With the emergence of the synthetic biology as a field, it is possible to engineer microorganisms and mammalian cells and use them as diagnostic tools. Harnessing the power of molecular imaging can be a game changer for synthetic biology by improving the ability to look closely into processes in live organisms. On the other hand, we can use synthetic biology to manufacture more robust imaging probes. For example, one of the challenges of the traditional molecular imaging reporter genes is that the reporters are not switchable i.e., the reporters are constantly activated. Using synthetic biology tools this hurdle can be overcome. Building a switch can ensure that the reporter can provide a signal only at the right place and the right time. Circuit designs such as oscillators can provide a unique temporal aspect to reporter gene signals, helping distinguish them from background. Another emerging frontier of reporter gene engineering relates to genetically encoded sensors of dynamic cellular signals such as calcium, phosphorylation and neurotransmission. Such sensors based on fluorescent proteins are already widely used in optically accessible preparations⁷¹, and recent efforts have focused on developing such sensors for MRI⁷² and photoacoustic imaging.

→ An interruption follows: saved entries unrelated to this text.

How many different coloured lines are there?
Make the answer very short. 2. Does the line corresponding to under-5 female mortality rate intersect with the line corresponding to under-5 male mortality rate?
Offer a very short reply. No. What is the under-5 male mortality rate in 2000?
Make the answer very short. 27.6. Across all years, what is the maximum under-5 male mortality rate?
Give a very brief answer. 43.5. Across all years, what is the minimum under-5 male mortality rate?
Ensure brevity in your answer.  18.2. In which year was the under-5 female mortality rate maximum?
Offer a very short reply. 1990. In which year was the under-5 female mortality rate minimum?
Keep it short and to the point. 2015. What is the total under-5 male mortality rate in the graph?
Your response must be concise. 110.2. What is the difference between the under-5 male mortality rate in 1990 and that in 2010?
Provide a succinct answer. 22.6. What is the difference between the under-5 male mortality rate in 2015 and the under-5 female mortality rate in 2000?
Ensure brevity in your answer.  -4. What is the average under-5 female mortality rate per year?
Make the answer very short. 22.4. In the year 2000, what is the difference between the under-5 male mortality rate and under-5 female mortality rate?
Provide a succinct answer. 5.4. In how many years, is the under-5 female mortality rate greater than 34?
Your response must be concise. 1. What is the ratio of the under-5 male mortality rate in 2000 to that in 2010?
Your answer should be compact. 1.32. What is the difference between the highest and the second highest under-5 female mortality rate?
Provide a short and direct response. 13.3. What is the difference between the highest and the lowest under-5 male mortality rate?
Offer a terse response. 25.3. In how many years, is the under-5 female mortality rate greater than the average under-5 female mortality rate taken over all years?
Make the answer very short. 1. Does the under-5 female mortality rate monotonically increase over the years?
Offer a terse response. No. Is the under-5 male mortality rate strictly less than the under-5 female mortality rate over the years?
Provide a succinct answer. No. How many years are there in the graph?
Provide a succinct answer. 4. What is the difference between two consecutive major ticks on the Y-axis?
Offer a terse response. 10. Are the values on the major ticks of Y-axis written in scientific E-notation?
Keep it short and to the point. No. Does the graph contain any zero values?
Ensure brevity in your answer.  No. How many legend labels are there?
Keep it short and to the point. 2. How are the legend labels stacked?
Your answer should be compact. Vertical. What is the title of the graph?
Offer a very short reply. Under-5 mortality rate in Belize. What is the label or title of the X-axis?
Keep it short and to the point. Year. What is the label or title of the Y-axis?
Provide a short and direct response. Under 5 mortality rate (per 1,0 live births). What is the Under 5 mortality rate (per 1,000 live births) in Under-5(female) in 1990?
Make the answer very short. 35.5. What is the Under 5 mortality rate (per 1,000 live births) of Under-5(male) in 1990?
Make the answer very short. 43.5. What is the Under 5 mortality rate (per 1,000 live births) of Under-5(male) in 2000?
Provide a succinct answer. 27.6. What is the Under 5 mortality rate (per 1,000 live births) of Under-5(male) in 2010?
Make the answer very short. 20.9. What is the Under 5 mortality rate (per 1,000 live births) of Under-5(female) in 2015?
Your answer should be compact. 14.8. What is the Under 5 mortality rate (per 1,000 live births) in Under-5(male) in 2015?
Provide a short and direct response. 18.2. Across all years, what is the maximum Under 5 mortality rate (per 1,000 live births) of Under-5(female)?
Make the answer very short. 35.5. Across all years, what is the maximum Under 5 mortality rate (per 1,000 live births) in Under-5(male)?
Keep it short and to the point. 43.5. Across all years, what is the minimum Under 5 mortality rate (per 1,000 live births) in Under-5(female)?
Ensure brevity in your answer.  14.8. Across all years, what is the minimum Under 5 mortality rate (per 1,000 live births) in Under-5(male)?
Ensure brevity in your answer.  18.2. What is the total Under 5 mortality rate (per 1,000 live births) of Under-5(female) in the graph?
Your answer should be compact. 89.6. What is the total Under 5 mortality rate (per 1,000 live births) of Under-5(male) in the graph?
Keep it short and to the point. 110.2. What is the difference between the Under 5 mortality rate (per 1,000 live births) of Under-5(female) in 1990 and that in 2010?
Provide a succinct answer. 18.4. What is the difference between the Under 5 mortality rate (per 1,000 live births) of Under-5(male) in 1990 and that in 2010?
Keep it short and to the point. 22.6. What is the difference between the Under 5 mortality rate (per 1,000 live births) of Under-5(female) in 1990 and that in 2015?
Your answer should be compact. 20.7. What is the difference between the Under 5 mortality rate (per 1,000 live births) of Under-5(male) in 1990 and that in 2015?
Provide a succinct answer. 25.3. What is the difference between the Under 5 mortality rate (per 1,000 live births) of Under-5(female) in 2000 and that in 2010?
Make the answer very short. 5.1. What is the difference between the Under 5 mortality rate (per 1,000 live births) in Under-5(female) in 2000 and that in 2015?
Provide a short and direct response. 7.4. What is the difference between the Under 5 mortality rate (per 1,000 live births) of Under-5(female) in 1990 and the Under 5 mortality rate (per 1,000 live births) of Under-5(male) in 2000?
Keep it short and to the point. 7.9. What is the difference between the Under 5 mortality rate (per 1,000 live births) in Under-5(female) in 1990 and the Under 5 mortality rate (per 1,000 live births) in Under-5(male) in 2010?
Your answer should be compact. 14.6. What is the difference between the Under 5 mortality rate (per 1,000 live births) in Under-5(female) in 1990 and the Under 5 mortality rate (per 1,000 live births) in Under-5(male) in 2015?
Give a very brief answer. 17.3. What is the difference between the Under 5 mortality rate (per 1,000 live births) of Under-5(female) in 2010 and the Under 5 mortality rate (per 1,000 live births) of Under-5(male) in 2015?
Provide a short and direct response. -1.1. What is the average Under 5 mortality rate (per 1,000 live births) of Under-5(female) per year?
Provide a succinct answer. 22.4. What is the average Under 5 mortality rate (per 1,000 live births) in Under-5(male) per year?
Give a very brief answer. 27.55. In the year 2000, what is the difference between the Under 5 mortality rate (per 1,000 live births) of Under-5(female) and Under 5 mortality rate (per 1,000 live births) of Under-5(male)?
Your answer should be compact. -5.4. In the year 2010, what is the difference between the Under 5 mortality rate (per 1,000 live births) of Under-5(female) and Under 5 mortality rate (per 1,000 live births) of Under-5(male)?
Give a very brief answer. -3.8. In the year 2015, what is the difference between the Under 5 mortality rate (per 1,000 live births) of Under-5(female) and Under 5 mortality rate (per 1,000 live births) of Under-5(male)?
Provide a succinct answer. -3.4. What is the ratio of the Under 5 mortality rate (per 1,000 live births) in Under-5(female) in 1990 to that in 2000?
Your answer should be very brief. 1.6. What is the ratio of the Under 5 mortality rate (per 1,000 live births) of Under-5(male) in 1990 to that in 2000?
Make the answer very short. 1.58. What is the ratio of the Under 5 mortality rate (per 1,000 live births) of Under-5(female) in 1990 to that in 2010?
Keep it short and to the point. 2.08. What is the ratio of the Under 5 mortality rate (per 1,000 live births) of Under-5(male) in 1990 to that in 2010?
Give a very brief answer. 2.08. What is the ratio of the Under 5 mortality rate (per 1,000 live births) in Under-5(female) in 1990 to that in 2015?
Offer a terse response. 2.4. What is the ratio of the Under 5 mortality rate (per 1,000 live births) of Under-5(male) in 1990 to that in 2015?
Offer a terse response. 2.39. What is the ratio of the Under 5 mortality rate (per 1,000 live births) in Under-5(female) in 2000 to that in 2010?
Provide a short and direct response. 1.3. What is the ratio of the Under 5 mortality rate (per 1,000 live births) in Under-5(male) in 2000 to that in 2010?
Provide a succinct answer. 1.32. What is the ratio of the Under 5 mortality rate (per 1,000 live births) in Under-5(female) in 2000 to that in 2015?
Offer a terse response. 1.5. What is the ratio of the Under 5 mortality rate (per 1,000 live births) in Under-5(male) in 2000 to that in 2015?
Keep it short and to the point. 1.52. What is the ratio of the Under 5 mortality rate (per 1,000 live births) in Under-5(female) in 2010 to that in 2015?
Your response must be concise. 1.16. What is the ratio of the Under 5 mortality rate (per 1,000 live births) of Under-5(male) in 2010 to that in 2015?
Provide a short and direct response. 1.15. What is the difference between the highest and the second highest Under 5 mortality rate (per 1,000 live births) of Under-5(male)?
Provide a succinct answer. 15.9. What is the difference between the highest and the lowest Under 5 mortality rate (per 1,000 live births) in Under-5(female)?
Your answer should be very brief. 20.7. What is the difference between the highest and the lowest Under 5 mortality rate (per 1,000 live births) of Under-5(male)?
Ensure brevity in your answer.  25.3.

Another potential direction is to augment the visualization capabilities of molecular imaging with the ability to intervene non-invasively in the function of cells in the target tissue. For example if we are already delivering into the tissue energy in the form of, light, ultrasound or electromagnetic fields, we could also use it, either directly or via conversion to heat^73–75, to activate intracellular molecules, proteins or cells.

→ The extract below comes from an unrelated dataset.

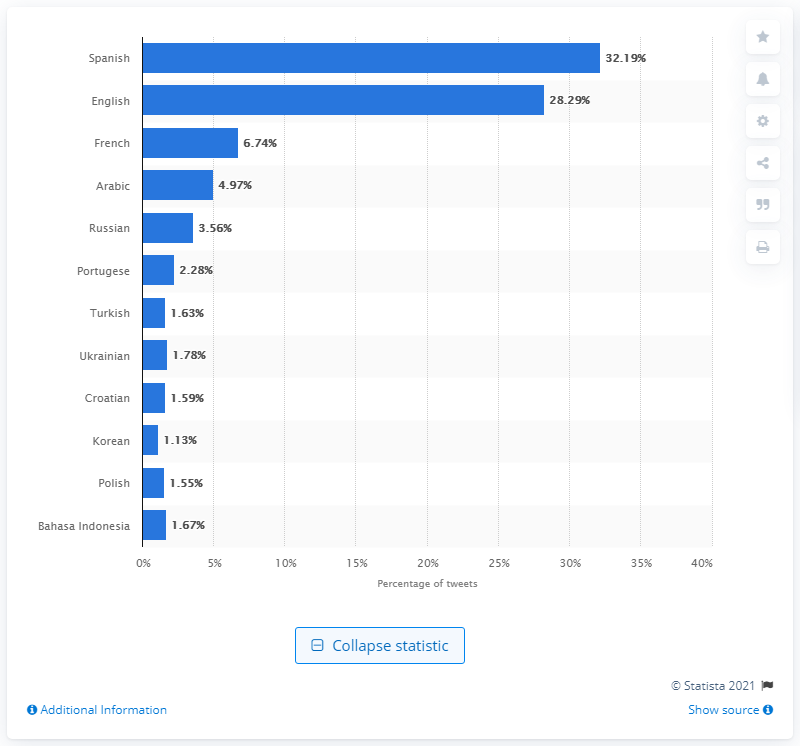Give some essential details in this illustration. According to data, only 32.19% of tweets from world leaders were in Spanish. 
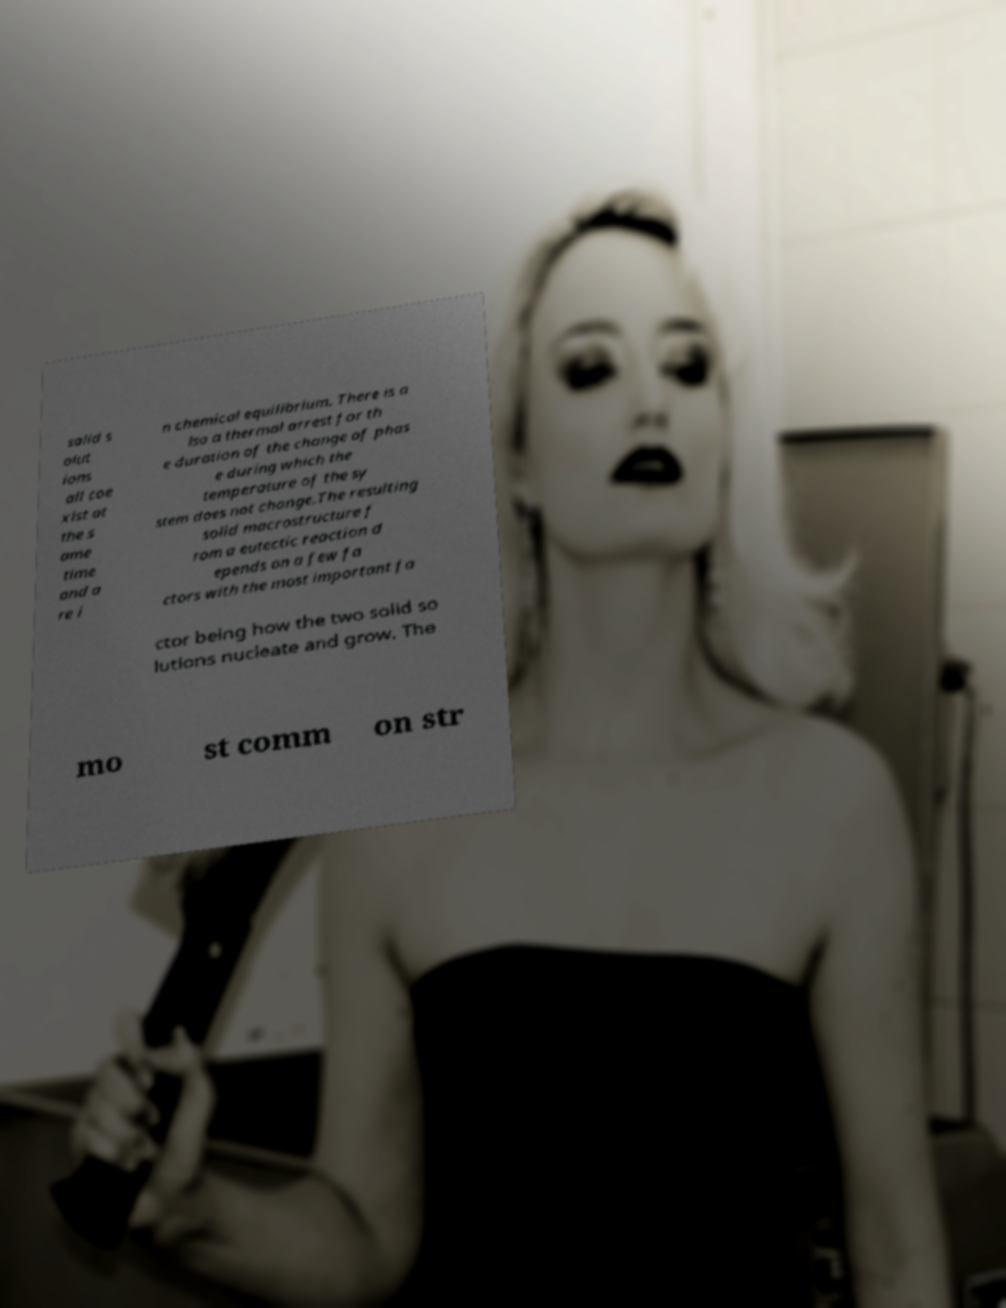I need the written content from this picture converted into text. Can you do that? solid s olut ions all coe xist at the s ame time and a re i n chemical equilibrium. There is a lso a thermal arrest for th e duration of the change of phas e during which the temperature of the sy stem does not change.The resulting solid macrostructure f rom a eutectic reaction d epends on a few fa ctors with the most important fa ctor being how the two solid so lutions nucleate and grow. The mo st comm on str

In summary, as synthetic biology moves toward in vivo biomedical applications, it is becoming critical to monitor the functionality of genetically engineered devices in intact model organisms and patients. Molecular imaging technologies such as reporter genes are primed to address this challenge, and we feature these advances at the annual meeting of the WMIS and endeavor to advance this field though fostering interaction and collaborations between scientists using imaging to reveal spatiotemporal functions of engineered cells, and those using synthetic biology to advance imaging tools for biomedical applications.